Problem requirements ▸ Scan each line of the records for the word "segments" and extract the ones that have it.

Exercise material ▸
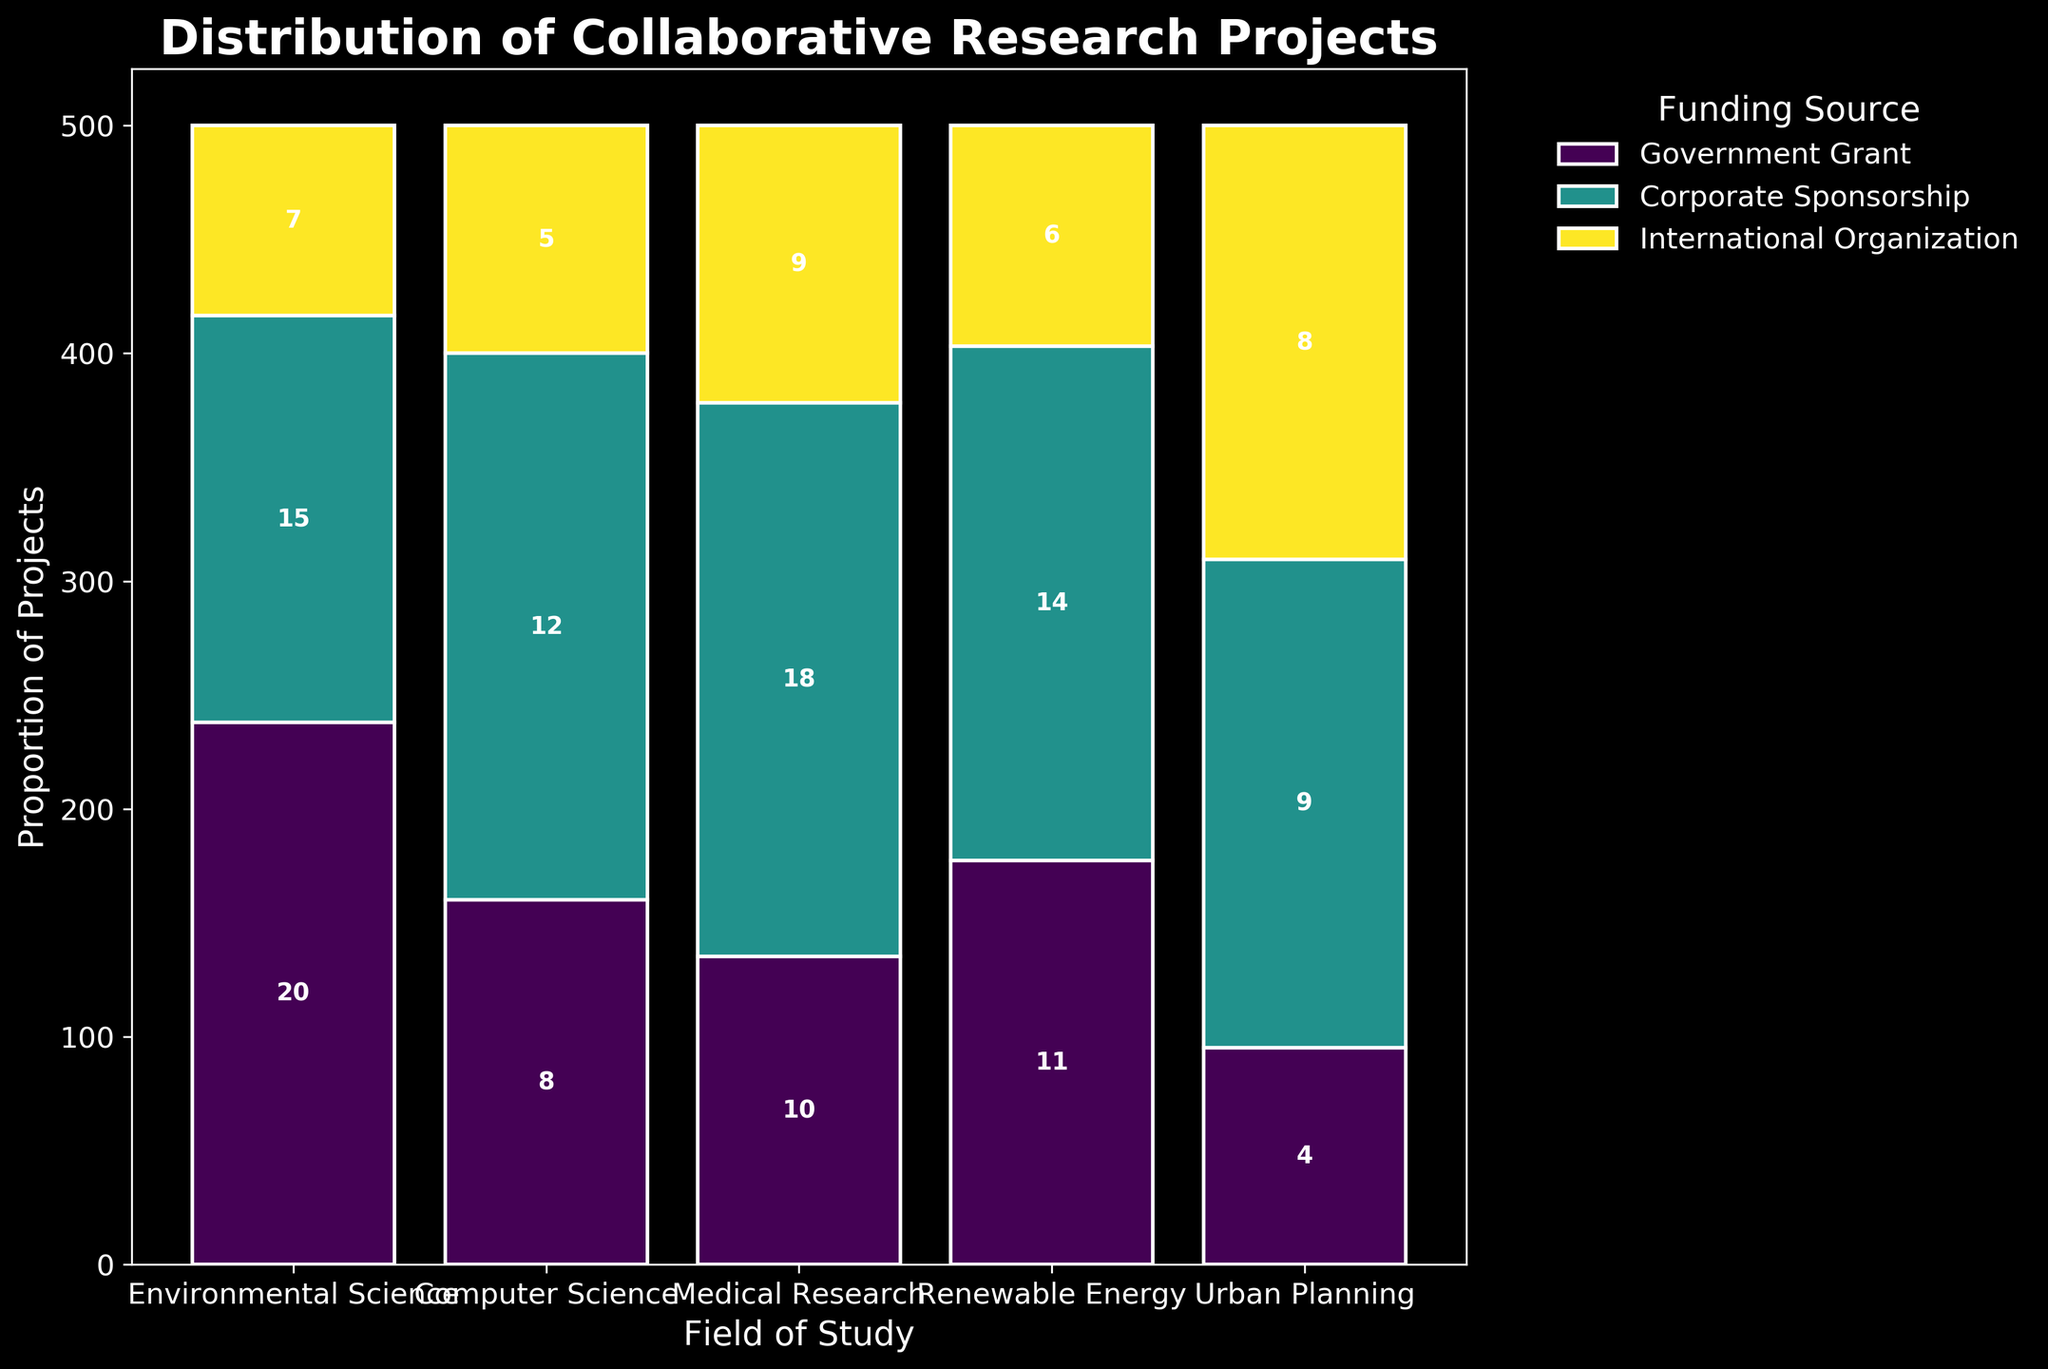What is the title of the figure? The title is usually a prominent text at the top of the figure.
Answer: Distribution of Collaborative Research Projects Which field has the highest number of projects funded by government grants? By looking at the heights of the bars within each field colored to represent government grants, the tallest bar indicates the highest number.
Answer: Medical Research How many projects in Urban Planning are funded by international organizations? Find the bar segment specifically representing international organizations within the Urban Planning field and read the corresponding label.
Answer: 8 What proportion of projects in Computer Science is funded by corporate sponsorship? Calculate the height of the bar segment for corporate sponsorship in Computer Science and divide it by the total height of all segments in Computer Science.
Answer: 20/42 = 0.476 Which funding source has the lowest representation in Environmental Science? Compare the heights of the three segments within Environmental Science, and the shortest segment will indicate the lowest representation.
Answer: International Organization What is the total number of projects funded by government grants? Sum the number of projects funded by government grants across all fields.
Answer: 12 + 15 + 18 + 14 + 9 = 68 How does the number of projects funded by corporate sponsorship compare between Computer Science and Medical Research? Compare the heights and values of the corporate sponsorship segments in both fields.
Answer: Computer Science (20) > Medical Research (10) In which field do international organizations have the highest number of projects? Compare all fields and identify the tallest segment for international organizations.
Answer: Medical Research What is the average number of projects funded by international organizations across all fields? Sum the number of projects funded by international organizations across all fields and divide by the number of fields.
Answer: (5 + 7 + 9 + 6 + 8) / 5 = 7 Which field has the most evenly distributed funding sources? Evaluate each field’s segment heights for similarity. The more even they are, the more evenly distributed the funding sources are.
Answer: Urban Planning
...
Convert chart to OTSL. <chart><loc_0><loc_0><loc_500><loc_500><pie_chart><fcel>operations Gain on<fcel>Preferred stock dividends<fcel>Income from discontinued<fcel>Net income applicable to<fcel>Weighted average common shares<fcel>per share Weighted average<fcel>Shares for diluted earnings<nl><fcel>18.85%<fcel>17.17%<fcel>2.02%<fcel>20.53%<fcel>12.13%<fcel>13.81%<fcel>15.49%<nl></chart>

Problem solution ▸
Answer: 8 What proportion of projects in Computer Science is funded by corporate sponsorship? Calculate the height of the bar segment for corporate sponsorship in Computer Science and divide it by the total height of all segments in Computer Science.
Answer: 20/42 = 0.476 Which funding source has the lowest representation in Environmental Science? Compare the heights of the three segments within Environmental Science, and the shortest segment will indicate the lowest representation.
Answer: 12 + 15 + 18 + 14 + 9 = 68 How does the number of projects funded by corporate sponsorship compare between Computer Science and Medical Research? Compare the heights and values of the corporate sponsorship segments in both fields.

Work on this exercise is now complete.